Data records:
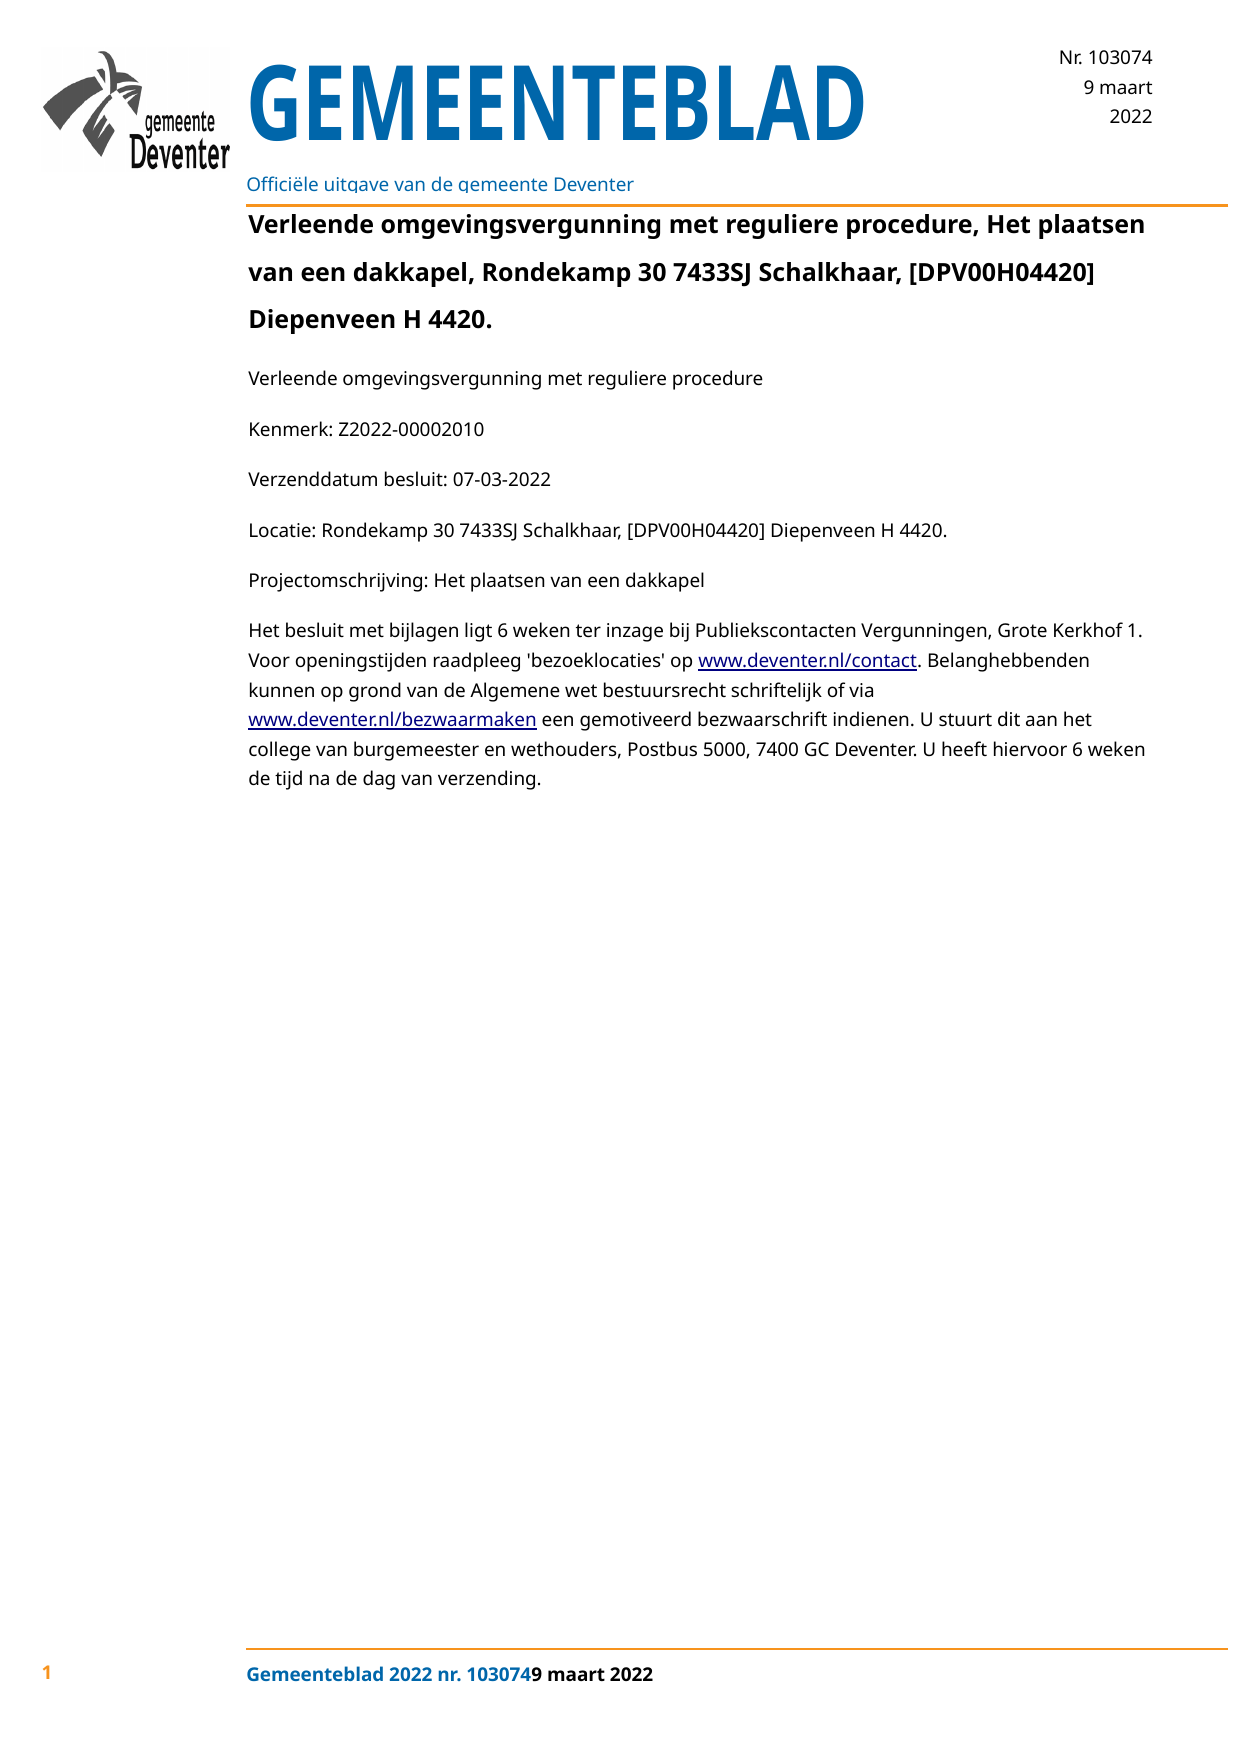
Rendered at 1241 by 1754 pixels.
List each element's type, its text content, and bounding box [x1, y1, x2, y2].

text Projectomschrijving: Het plaatsen van een dakkapel [248, 567, 1152, 593]
text Verleende omgevingsvergunning met reguliere procedure [248, 366, 1152, 391]
picture [41, 47, 231, 172]
text Verzenddatum besluit: 07-03-2022 [248, 466, 1152, 492]
text Kenmerk: Z2022-00002010 [248, 416, 1152, 442]
text Het besluit met bijlagen ligt 6 weken ter inzage bij Publiekscontacten Vergunningen, Grote Kerkhof 1. Voor openingstijden raadpleeg 'bezoeklocaties' op www.deventer.nl/contact. Belanghebbenden kunnen op grond van de Algemene wet bestuursrecht schriftelijk of via www.deventer.nl/bezwaarmaken een gemotiveerd bezwaarschrift indienen. U stuurt dit aan het college van burgemeester en wethouders, Postbus 5000, 7400 GC Deventer. U heeft hiervoor 6 weken de tijd na de dag van verzending. [248, 618, 1152, 791]
text Verleende omgevingsvergunning met reguliere procedure, Het plaatsen van een dakkapel, Rondekamp 30 7433SJ Schalkhaar, [DPV00H04420] Diepenveen H 4420. [248, 207, 1152, 336]
text Locatie: Rondekamp 30 7433SJ Schalkhaar, [DPV00H04420] Diepenveen H 4420. [248, 517, 1152, 542]
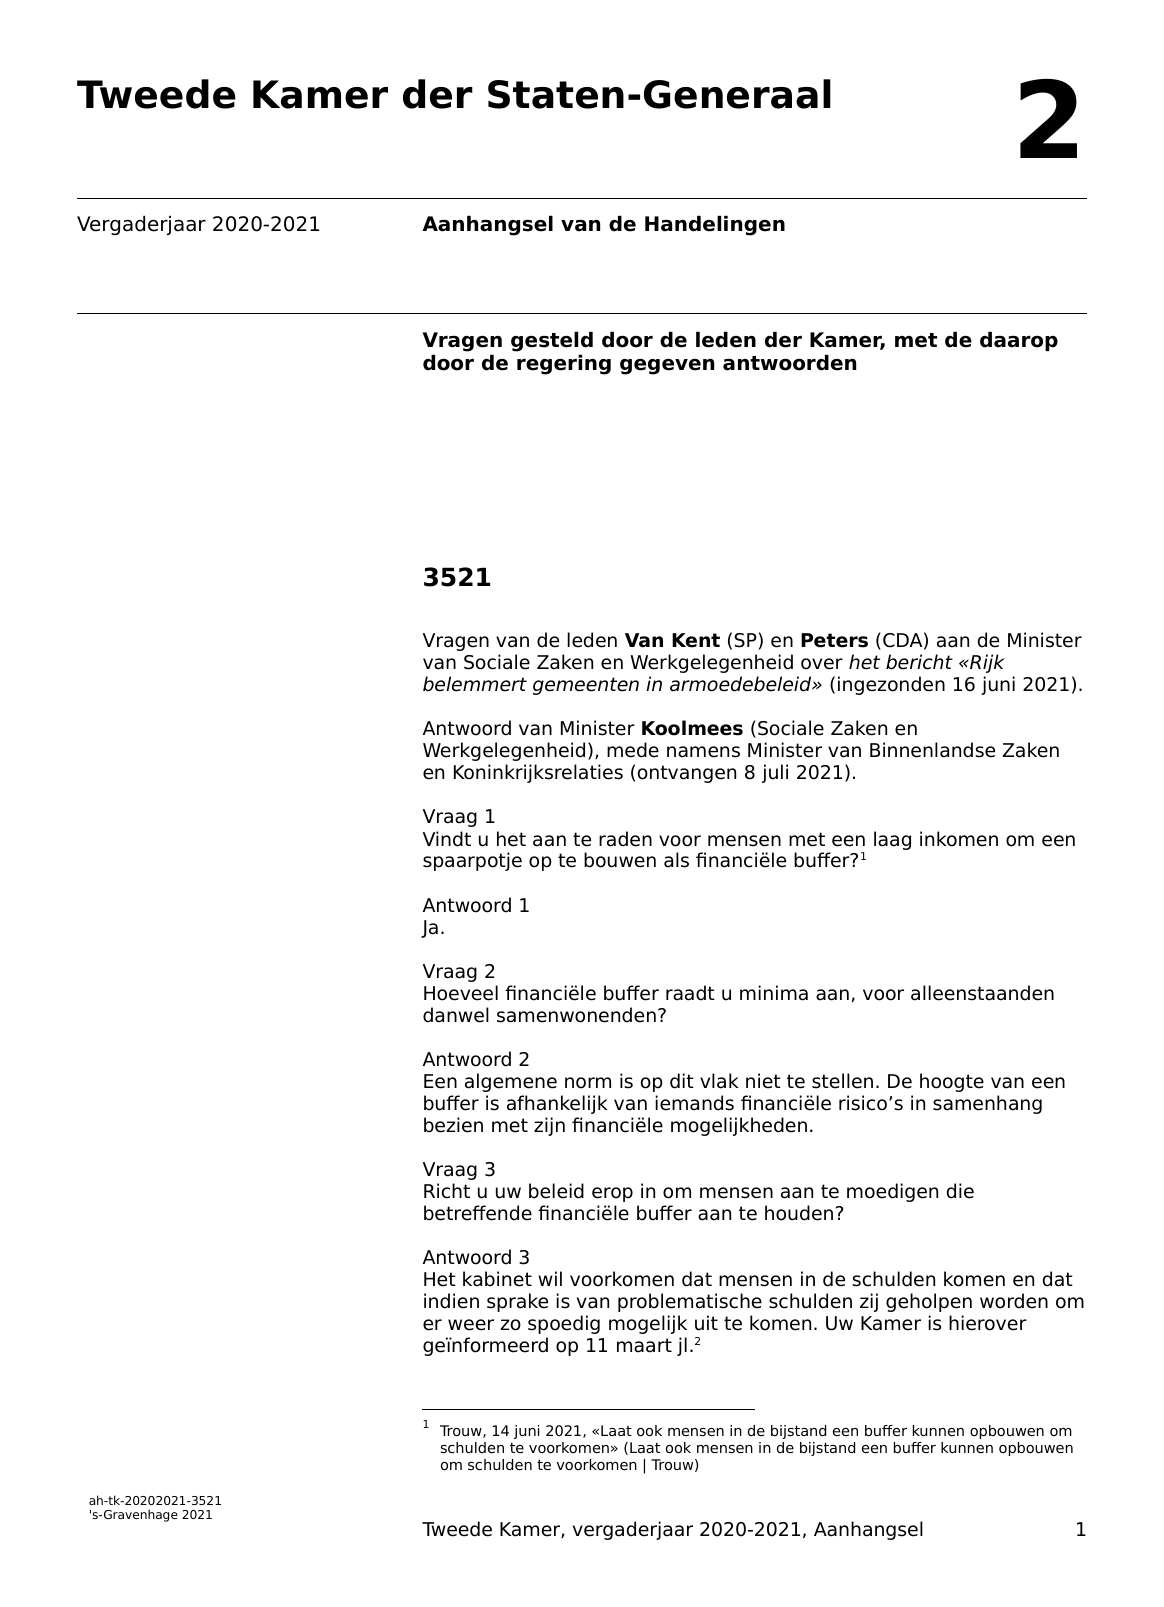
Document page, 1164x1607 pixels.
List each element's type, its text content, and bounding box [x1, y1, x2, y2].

text 3521 [422, 563, 1087, 592]
text Vraag 2 [422, 961, 1087, 983]
text Vragen van de leden Van Kent (SP) en Peters (CDA) aan de Minister van Sociale Zaken en Werkgelegenheid over het bericht «Rijk belemmert gemeenten in armoedebeleid» (ingezonden 16 juni 2021). [422, 630, 1087, 696]
text 's-Gravenhage 2021 [88, 1508, 323, 1522]
table_header 2 [886, 59, 1087, 198]
text Antwoord van Minister Koolmees (Sociale Zaken en Werkgelegenheid), mede namens Minister van Binnenlandse Zaken en Koninkrijksrelaties (ontvangen 8 juli 2021). [422, 718, 1087, 784]
text Antwoord 2 [422, 1049, 1087, 1071]
table_header Tweede Kamer der Staten-Generaal [77, 59, 886, 198]
table_cell [77, 314, 422, 375]
table_cell Vragen gesteld door de leden der Kamer, met de daarop door de regering gegeven antwoorden [422, 314, 1087, 375]
text Trouw, 14 juni 2021, «Laat ook mensen in de bijstand een buffer kunnen opbouwen om schulden te voorkomen» (Laat ook mensen in de bijstand een buffer kunnen opbouwen om schulden te voorkomen | Trouw) [422, 1418, 1087, 1474]
text Vindt u het aan te raden voor mensen met een laag inkomen om een spaarpotje op te bouwen als financiële buffer? [422, 828, 1087, 872]
table_cell Aanhangsel van de Handelingen [422, 199, 1087, 313]
text Een algemene norm is op dit vlak niet te stellen. De hoogte van een buffer is afhankelijk van iemands financiële risico’s in samenhang bezien met zijn financiële mogelijkheden. [422, 1071, 1087, 1137]
text ah-tk-20202021-3521 [88, 1494, 323, 1508]
text Het kabinet wil voorkomen dat mensen in de schulden komen en dat indien sprake is van problematische schulden zij geholpen worden om er weer zo spoedig mogelijk uit te komen. Uw Kamer is hierover geïnformeerd op 11 maart jl. [422, 1269, 1087, 1357]
text Hoeveel financiële buffer raadt u minima aan, voor alleenstaanden danwel samenwonenden? [422, 983, 1087, 1027]
text Richt u uw beleid erop in om mensen aan te moedigen die betreffende financiële buffer aan te houden? [422, 1181, 1087, 1225]
table_cell Vergaderjaar 2020-2021 [77, 199, 422, 313]
text Vraag 3 [422, 1159, 1087, 1181]
text Ja. [422, 917, 1087, 938]
text Antwoord 1 [422, 894, 1087, 917]
text Antwoord 3 [422, 1247, 1087, 1269]
text Vraag 1 [422, 806, 1087, 828]
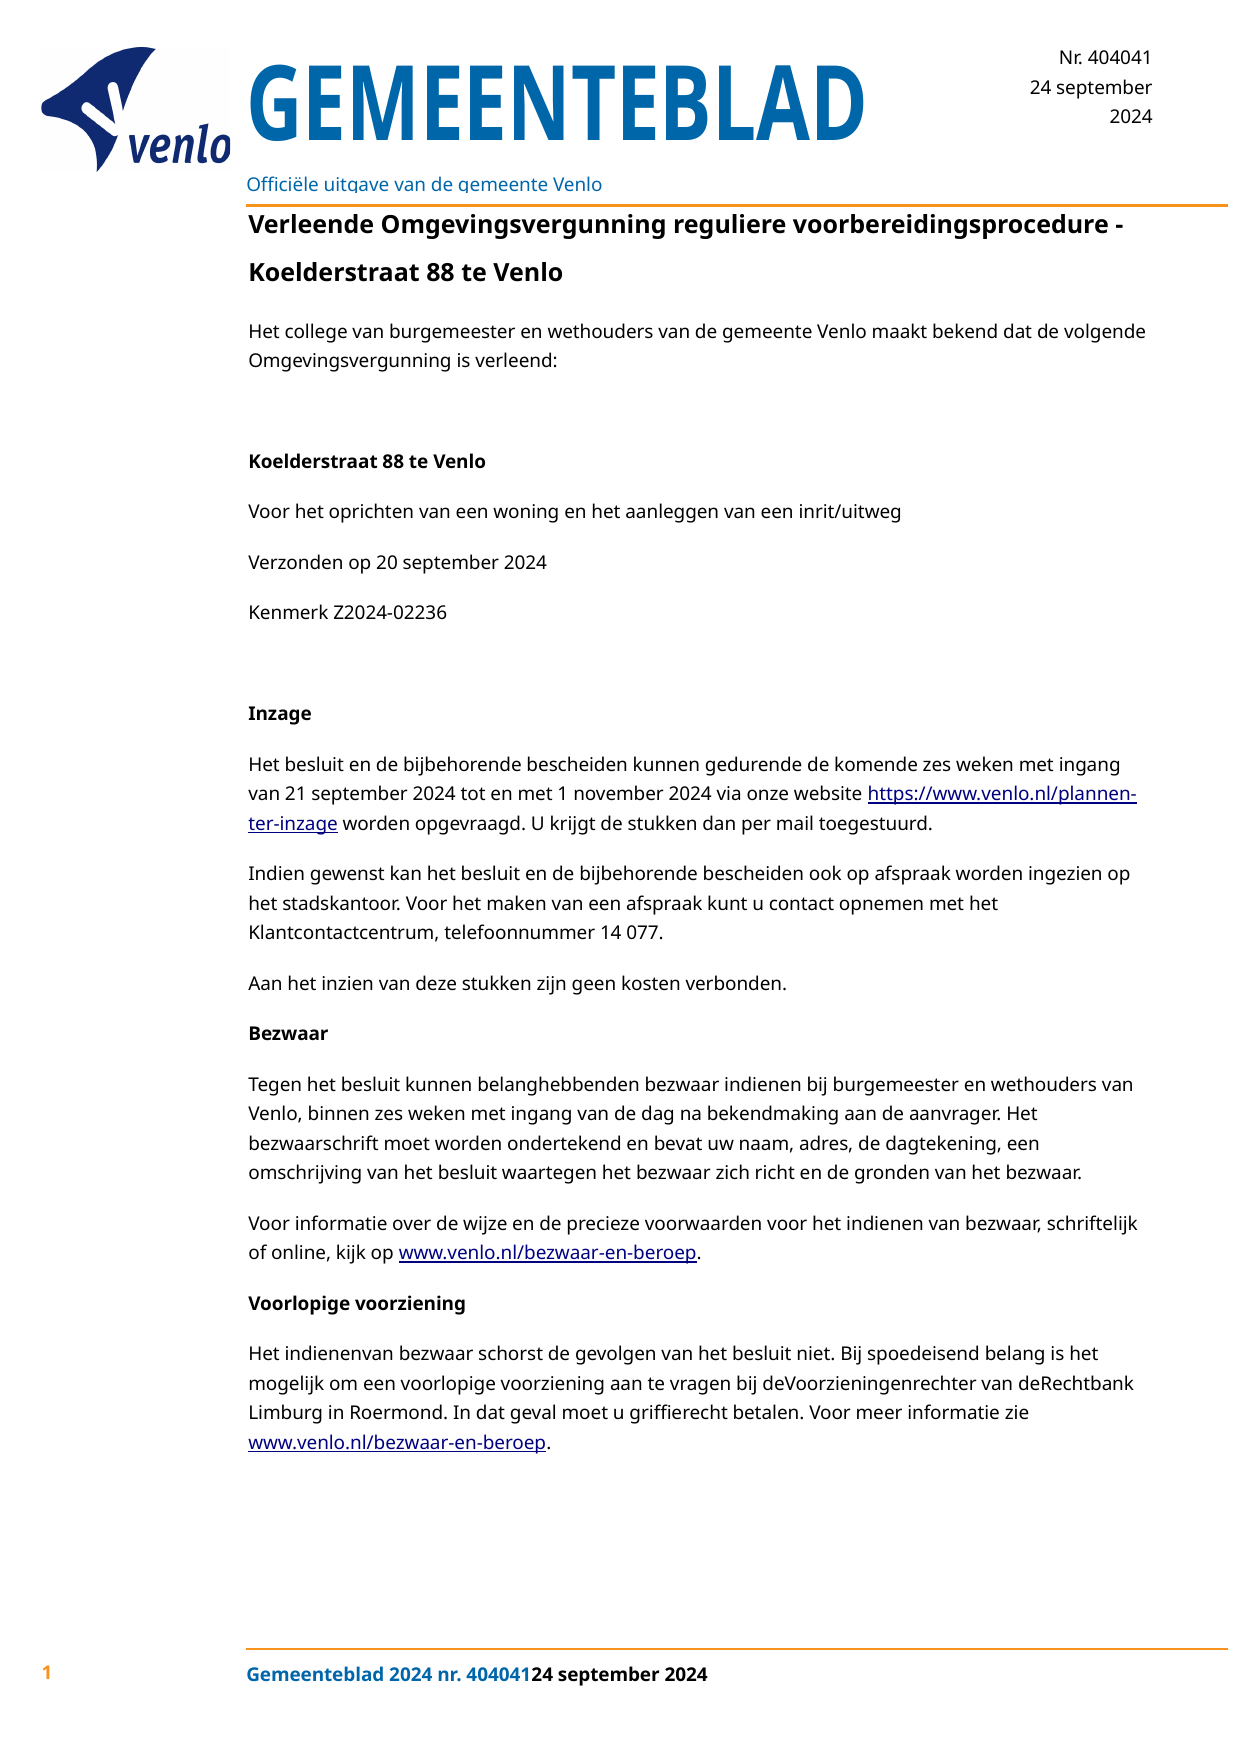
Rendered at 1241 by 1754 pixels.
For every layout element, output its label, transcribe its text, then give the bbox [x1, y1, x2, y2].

text Kenmerk Z2024-02236 [248, 599, 1152, 625]
text Koelderstraat 88 te Venlo [248, 448, 1152, 474]
text Het indienenvan bezwaar schorst de gevolgen van het besluit niet. Bij spoedeisend belang is het mogelijk om een voorlopige voorziening aan te vragen bij deVoorzieningenrechter van deRechtbank Limburg in Roermond. In dat geval moet u griffierecht betalen. Voor meer informatie zie www.venlo.nl/bezwaar-en-beroep. [248, 1340, 1152, 1455]
text Tegen het besluit kunnen belanghebbenden bezwaar indienen bij burgemeester en wethouders van Venlo, binnen zes weken met ingang van de dag na bekendmaking aan de aanvrager. Het bezwaarschrift moet worden ondertekend en bevat uw naam, adres, de dagtekening, een omschrijving van het besluit waartegen het bezwaar zich richt en de gronden van het bezwaar. [248, 1071, 1152, 1185]
text Voorlopige voorziening [248, 1290, 1152, 1316]
text Het college van burgemeester en wethouders van de gemeente Venlo maakt bekend dat de volgende Omgevingsvergunning is verleend: [248, 318, 1152, 373]
text Inzage [248, 700, 1152, 726]
text Bezwaar [248, 1020, 1152, 1046]
text Verleende Omgevingsvergunning reguliere voorbereidingsprocedure - Koelderstraat 88 te Venlo [248, 207, 1152, 288]
text Voor informatie over de wijze en de precieze voorwaarden voor het indienen van bezwaar, schriftelijk of online, kijk op www.venlo.nl/bezwaar-en-beroep. [248, 1210, 1152, 1265]
picture [41, 47, 231, 172]
text Voor het oprichten van een woning en het aanleggen van een inrit/uitweg [248, 499, 1152, 524]
text Aan het inzien van deze stukken zijn geen kosten verbonden. [248, 970, 1152, 996]
text Verzonden op 20 september 2024 [248, 549, 1152, 575]
text Het besluit en de bijbehorende bescheiden kunnen gedurende de komende zes weken met ingang van 21 september 2024 tot en met 1 november 2024 via onze website https://www.venlo.nl/plannen-ter-inzage worden opgevraagd. U krijgt de stukken dan per mail toegestuurd. [248, 751, 1152, 836]
text Indien gewenst kan het besluit en de bijbehorende bescheiden ook op afspraak worden ingezien op het stadskantoor. Voor het maken van een afspraak kunt u contact opnemen met het Klantcontactcentrum, telefoonnummer 14 077. [248, 860, 1152, 945]

**Assigned task**
Your reply should hold every line above exactly as written and none of the pictures.

**Exercise solution**
Rendered at 1241 by 1754 pixels.
List each element's type, its text content, and bounding box [x1, y1, x2, y2].

text Projectomschrijving: Het plaatsen van een dakkapel [248, 567, 1152, 593]
text Verleende omgevingsvergunning met reguliere procedure [248, 366, 1152, 391]
picture [41, 47, 231, 172]
text Verzenddatum besluit: 07-03-2022 [248, 466, 1152, 492]
text Kenmerk: Z2022-00002010 [248, 416, 1152, 442]
text Het besluit met bijlagen ligt 6 weken ter inzage bij Publiekscontacten Vergunningen, Grote Kerkhof 1. Voor openingstijden raadpleeg 'bezoeklocaties' op www.deventer.nl/contact. Belanghebbenden kunnen op grond van de Algemene wet bestuursrecht schriftelijk of via www.deventer.nl/bezwaarmaken een gemotiveerd bezwaarschrift indienen. U stuurt dit aan het college van burgemeester en wethouders, Postbus 5000, 7400 GC Deventer. U heeft hiervoor 6 weken de tijd na de dag van verzending. [248, 618, 1152, 791]
text Verleende omgevingsvergunning met reguliere procedure, Het plaatsen van een dakkapel, Rondekamp 30 7433SJ Schalkhaar, [DPV00H04420] Diepenveen H 4420. [248, 207, 1152, 336]
text Locatie: Rondekamp 30 7433SJ Schalkhaar, [DPV00H04420] Diepenveen H 4420. [248, 517, 1152, 542]
Document page, 1164x1607 pixels.
List each element's type, its text content, and bounding box [x1, y1, x2, y2].

text 3521 [422, 563, 1087, 592]
text Vraag 2 [422, 961, 1087, 983]
text Vragen van de leden Van Kent (SP) en Peters (CDA) aan de Minister van Sociale Zaken en Werkgelegenheid over het bericht «Rijk belemmert gemeenten in armoedebeleid» (ingezonden 16 juni 2021). [422, 630, 1087, 696]
text 's-Gravenhage 2021 [88, 1508, 323, 1522]
table_header 2 [886, 59, 1087, 198]
text Antwoord van Minister Koolmees (Sociale Zaken en Werkgelegenheid), mede namens Minister van Binnenlandse Zaken en Koninkrijksrelaties (ontvangen 8 juli 2021). [422, 718, 1087, 784]
text Antwoord 2 [422, 1049, 1087, 1071]
table_header Tweede Kamer der Staten-Generaal [77, 59, 886, 198]
table_cell [77, 314, 422, 375]
table_cell Vragen gesteld door de leden der Kamer, met de daarop door de regering gegeven antwoorden [422, 314, 1087, 375]
text Trouw, 14 juni 2021, «Laat ook mensen in de bijstand een buffer kunnen opbouwen om schulden te voorkomen» (Laat ook mensen in de bijstand een buffer kunnen opbouwen om schulden te voorkomen | Trouw) [422, 1418, 1087, 1474]
text Vindt u het aan te raden voor mensen met een laag inkomen om een spaarpotje op te bouwen als financiële buffer? [422, 828, 1087, 872]
table_cell Aanhangsel van de Handelingen [422, 199, 1087, 313]
text Een algemene norm is op dit vlak niet te stellen. De hoogte van een buffer is afhankelijk van iemands financiële risico’s in samenhang bezien met zijn financiële mogelijkheden. [422, 1071, 1087, 1137]
text ah-tk-20202021-3521 [88, 1494, 323, 1508]
text Het kabinet wil voorkomen dat mensen in de schulden komen en dat indien sprake is van problematische schulden zij geholpen worden om er weer zo spoedig mogelijk uit te komen. Uw Kamer is hierover geïnformeerd op 11 maart jl. [422, 1269, 1087, 1357]
text Hoeveel financiële buffer raadt u minima aan, voor alleenstaanden danwel samenwonenden? [422, 983, 1087, 1027]
text Richt u uw beleid erop in om mensen aan te moedigen die betreffende financiële buffer aan te houden? [422, 1181, 1087, 1225]
table_cell Vergaderjaar 2020-2021 [77, 199, 422, 313]
text Vraag 3 [422, 1159, 1087, 1181]
text Ja. [422, 917, 1087, 938]
text Antwoord 1 [422, 894, 1087, 917]
text Antwoord 3 [422, 1247, 1087, 1269]
text Vraag 1 [422, 806, 1087, 828]
Rendered at 1241 by 1754 pixels.
For every layout element, output its label, transcribe its text, then give the bbox [x1, y1, x2, y2].

text Kenmerk Z2024-02236 [248, 599, 1152, 625]
text Koelderstraat 88 te Venlo [248, 448, 1152, 474]
text Het indienenvan bezwaar schorst de gevolgen van het besluit niet. Bij spoedeisend belang is het mogelijk om een voorlopige voorziening aan te vragen bij deVoorzieningenrechter van deRechtbank Limburg in Roermond. In dat geval moet u griffierecht betalen. Voor meer informatie zie www.venlo.nl/bezwaar-en-beroep. [248, 1340, 1152, 1455]
text Tegen het besluit kunnen belanghebbenden bezwaar indienen bij burgemeester en wethouders van Venlo, binnen zes weken met ingang van de dag na bekendmaking aan de aanvrager. Het bezwaarschrift moet worden ondertekend en bevat uw naam, adres, de dagtekening, een omschrijving van het besluit waartegen het bezwaar zich richt en de gronden van het bezwaar. [248, 1071, 1152, 1185]
text Voorlopige voorziening [248, 1290, 1152, 1316]
text Het college van burgemeester en wethouders van de gemeente Venlo maakt bekend dat de volgende Omgevingsvergunning is verleend: [248, 318, 1152, 373]
text Inzage [248, 700, 1152, 726]
text Bezwaar [248, 1020, 1152, 1046]
text Verleende Omgevingsvergunning reguliere voorbereidingsprocedure - Koelderstraat 88 te Venlo [248, 207, 1152, 288]
text Voor informatie over de wijze en de precieze voorwaarden voor het indienen van bezwaar, schriftelijk of online, kijk op www.venlo.nl/bezwaar-en-beroep. [248, 1210, 1152, 1265]
picture [41, 47, 231, 172]
text Voor het oprichten van een woning en het aanleggen van een inrit/uitweg [248, 499, 1152, 524]
text Aan het inzien van deze stukken zijn geen kosten verbonden. [248, 970, 1152, 996]
text Verzonden op 20 september 2024 [248, 549, 1152, 575]
text Het besluit en de bijbehorende bescheiden kunnen gedurende de komende zes weken met ingang van 21 september 2024 tot en met 1 november 2024 via onze website https://www.venlo.nl/plannen-ter-inzage worden opgevraagd. U krijgt de stukken dan per mail toegestuurd. [248, 751, 1152, 836]
text Indien gewenst kan het besluit en de bijbehorende bescheiden ook op afspraak worden ingezien op het stadskantoor. Voor het maken van een afspraak kunt u contact opnemen met het Klantcontactcentrum, telefoonnummer 14 077. [248, 860, 1152, 945]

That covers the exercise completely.